The raw_json_string is unsafe in some ways and this PR makes it better. One key design constraint is that raw_json_string is unaware of this length. It has no idea. You have do everything manually. This exposes you to buffer overruns and to incorrect comparisons.

Two problems could happen:

A. The comparator just did byte-by-byte (memcmp) comparison without checking for the final quote. So the keys "ab" and "ac" would both match "a". That's pretty bad.
B. Just as bad, you could pass "ababaababababababababababa...aaa" (make it very long) as a potential key against the json document {"a":1} and it would just happily compare, reading inside the JSON input for as long as you want (buffer overflow!!!).

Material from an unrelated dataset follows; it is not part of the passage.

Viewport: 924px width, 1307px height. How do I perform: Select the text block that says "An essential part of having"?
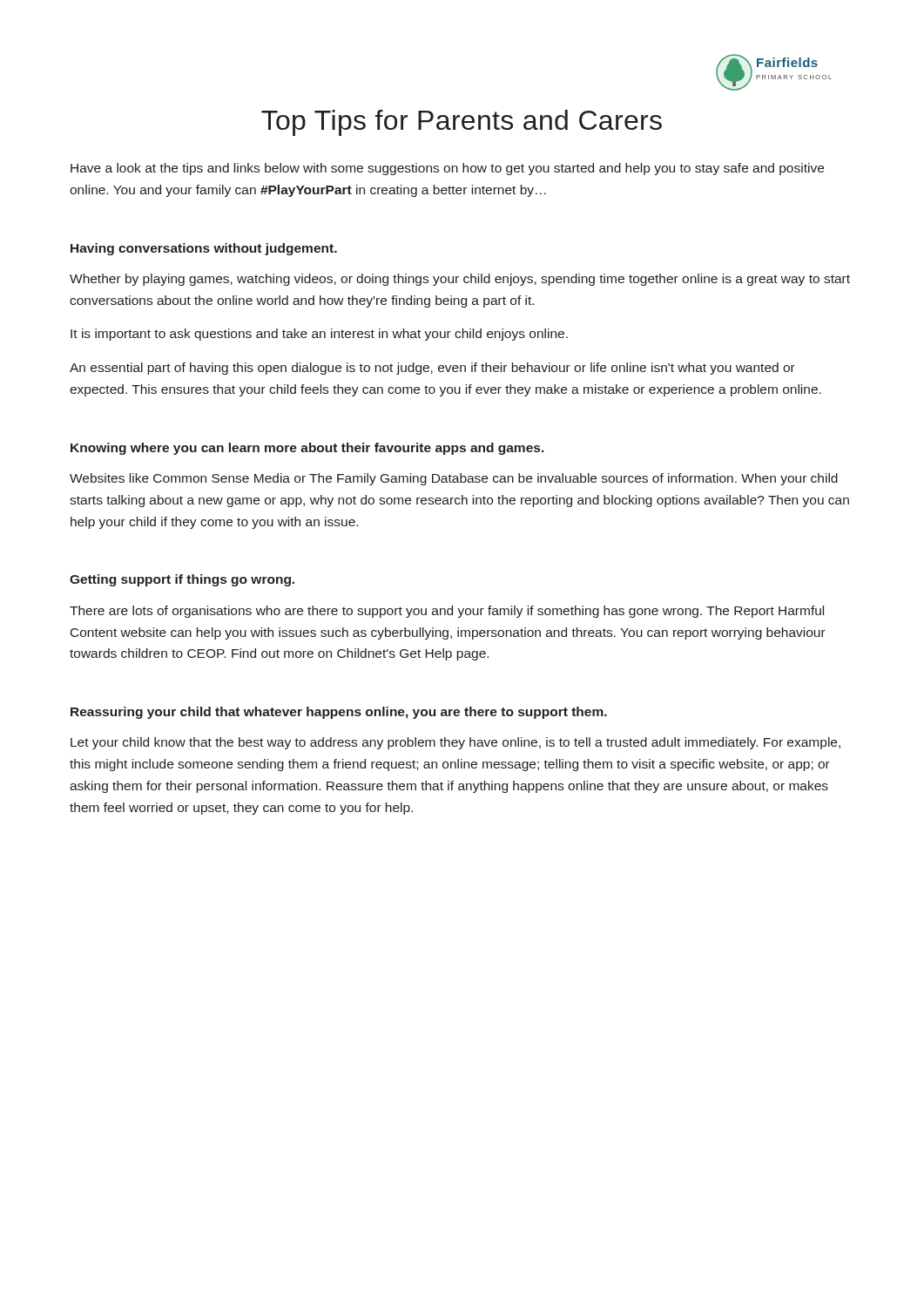tap(446, 378)
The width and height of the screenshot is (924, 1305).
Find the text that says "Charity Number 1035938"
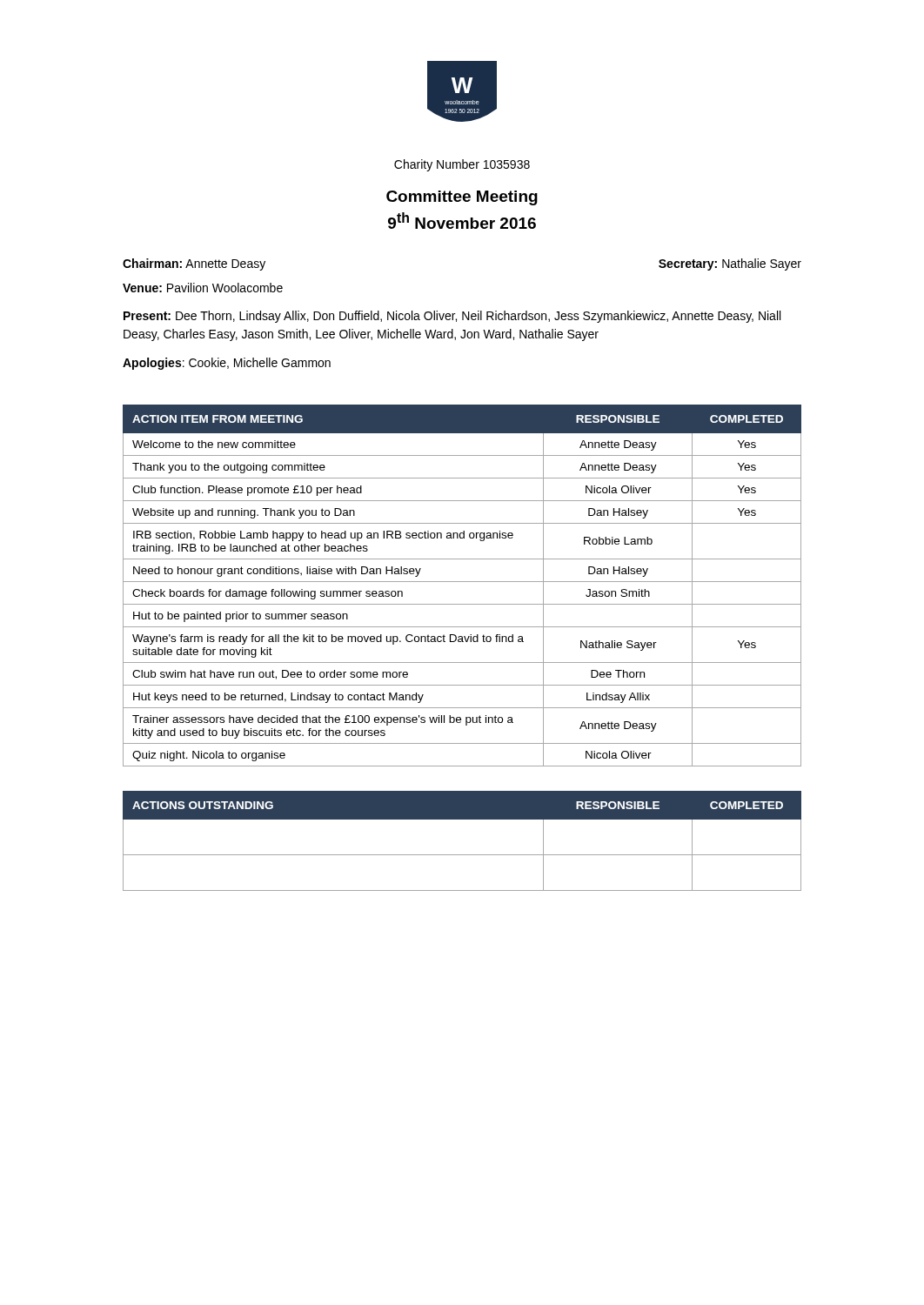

So there are two types of algorithm you could use:

  1. Find some bound on how far off you can read within the document without a buffer overrun: if you know where you are in the JSON input and you know how long the JSON document, then you have one such upperbound. But you can also call a peek_length() method right before accessing the key and it should give you a sensible upper bound on the string. Note that you must do this on your own because the raw_json_string does not track its length.
  2. Or else, you rely on the fact that the user is not going to give you as a possible key something evil like baba"fdfdsfddsfsd...fdsfd since a key "baba" would then suffer from a buffer overrun.

For the public API, we offer raw_json_string and it does not know its length, so only option 2 is viable, unless you change raw_json_string so that it becomes more like a string_view... and can track an upper bound on its length.

We relied on C++ magic to do the comparison between a C string and raw_json_string. I think that what would happen is that the C string would be automatically converted to string_view (which, presumably, involves finding its length with strlen though that can done at compile time). I checked and it seems that at least GNU GCC is able to basically do it for free (no std::string_view instance needs to be created) when the C string is a compile-time constant (if not, then you get a call to strlen + the comparison which is inefficient). For now, I removed the std::string_view API within raw_json_string and put just a C string API since this is what it is designed for. As far as the public API goes, it serves us well enough.

I have a reason for removing the overload to string_view and it has to do with the fact that there are two ways to skin this cat. Internally, we now have two unsafe_is_equal comparators. One with strategy 1 and one with strategy 2. Currently the PR relies on strategy 2. My main justification is that it is the less intrusive change to the current codebase.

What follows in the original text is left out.